# Marshall JMP-1 Problem - Tech?



## loopy_al (Mar 12, 2010)

Hey, 


I have a Marshall JMP-1 pre that is causing my power amp to blow fuses! (I know, difficult to comprehend) 
What is happening is, intermittently the signal degrades on the pre (very low signal, lots of hiss), then the signal will sometimes "pop" back in if i change a channel, this causes the power amp to blow a fuse. 
I have no idea what is going on with the JMP and i need a good tech with experience with these units to take a look. 
Any suggestions would be appreciated. I am located in downtown Toronto. 
Thanks! 

Al.


----------



## GuitarsCanada (Dec 30, 2005)

Sounds like it needs a going over for sure. Hopefully one of the members here can give you some guidance on how to proceed


----------



## loopy_al (Mar 12, 2010)

Yup. I know not many techs are familiar with the JMP-1. 
I took the unit to Buzzy Burak here in Toronto but he wasn't able to decipher the issue. 

Al.


----------



## Wild Bill (May 3, 2006)

loopy_al said:


> Yup. I know not many techs are familiar with the JMP-1.
> I took the unit to Buzzy Burak here in Toronto but he wasn't able to decipher the issue.
> 
> Al.


I would suspect a capacitor that goes leaky, starts to short (which pulls down the voltages and thus the gain) and then "heals" itself to do it again later.

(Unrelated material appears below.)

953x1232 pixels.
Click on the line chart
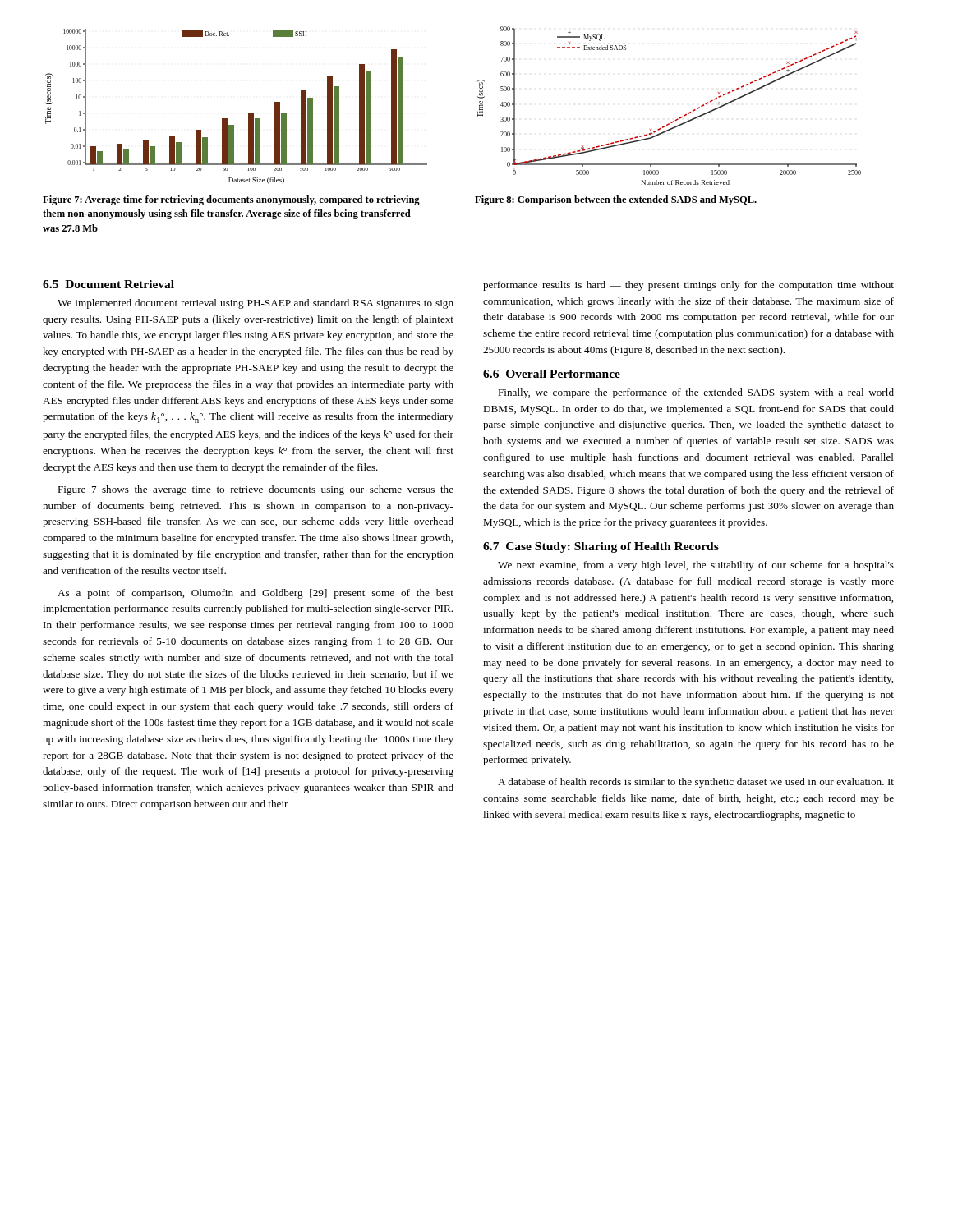point(676,116)

This "self-healing" property is common with some caps. Caps are made up of layers of conductor with an insulating material between them. In the early years the simple method was to roll up two layers of foil with a layer of waxed paper between them.

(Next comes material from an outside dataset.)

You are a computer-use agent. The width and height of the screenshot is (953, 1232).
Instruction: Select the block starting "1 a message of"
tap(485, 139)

If the insulating material started to break down at any particular spot it would allow the two foil layers to touch, causing a short. The voltage would blow a tiny hole in the insulating material and burn a bit of the foil away from around the hole, removing the short.

However, that spot was damaged and was prone to have the same thing happen again. So the capacitor slowly leaks and then shorts to cause the problem but it heals itself, works for a while and then does it again!

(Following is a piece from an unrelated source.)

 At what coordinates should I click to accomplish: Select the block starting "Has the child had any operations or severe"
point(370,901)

Coupling caps can do this but usually today we use caps with a much higher than needed voltage rating so we rarely get this problem with couplers between stages. I see it more often with a filter cap in one of the nodes of the power suppply! Especially with those old-fashioned Sprague Atoms. They are nice for the vintage look but capacitor quality and technology ratings have come a long way from when the Atoms were invented, back in the 1950's! I prefer the modern Illinois filter caps. Better specs and also smaller, which makes them easier to fit in some cramped amps, opening up some room.

Just a thought. Something else to check! Try alligator clipping your voltmeter across a filter cap and wait to see if the voltage dips when the problem occurs.

WB


----------